__Problem statement__.
Start at the line with "# use the cloudbuild" in the records below, stop at the line with "In one or two", and return every line in that span exactly, the two end lines included.

__Data to process__.
::::

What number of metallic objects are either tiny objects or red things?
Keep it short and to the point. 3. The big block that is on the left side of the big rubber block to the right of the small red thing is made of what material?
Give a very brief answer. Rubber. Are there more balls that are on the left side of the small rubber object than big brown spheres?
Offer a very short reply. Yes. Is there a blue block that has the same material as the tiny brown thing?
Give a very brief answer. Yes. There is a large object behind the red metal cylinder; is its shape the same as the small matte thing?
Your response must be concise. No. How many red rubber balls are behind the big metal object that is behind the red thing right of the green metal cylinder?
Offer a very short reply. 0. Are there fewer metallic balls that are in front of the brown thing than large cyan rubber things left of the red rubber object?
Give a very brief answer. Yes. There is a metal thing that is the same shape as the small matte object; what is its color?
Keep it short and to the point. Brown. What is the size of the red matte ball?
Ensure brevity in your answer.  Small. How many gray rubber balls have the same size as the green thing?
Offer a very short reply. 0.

::::

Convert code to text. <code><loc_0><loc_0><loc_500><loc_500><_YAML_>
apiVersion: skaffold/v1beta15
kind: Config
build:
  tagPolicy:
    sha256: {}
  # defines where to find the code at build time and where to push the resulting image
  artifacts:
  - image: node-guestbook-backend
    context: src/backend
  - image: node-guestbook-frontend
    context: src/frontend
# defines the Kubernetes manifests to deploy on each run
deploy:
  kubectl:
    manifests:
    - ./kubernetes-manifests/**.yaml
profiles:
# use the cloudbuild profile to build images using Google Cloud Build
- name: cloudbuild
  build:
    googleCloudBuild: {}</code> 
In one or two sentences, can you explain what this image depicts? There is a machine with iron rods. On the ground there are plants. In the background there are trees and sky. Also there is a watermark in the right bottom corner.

::::

__Exercise output__.
# use the cloudbuild profile to build images using Google Cloud Build
- name: cloudbuild
  build:
    googleCloudBuild: {}</code> 
In one or two sentences, can you explain what this image depicts? There is a machine with iron rods. On the ground there are plants. In the background there are trees and sky. Also there is a watermark in the right bottom corner.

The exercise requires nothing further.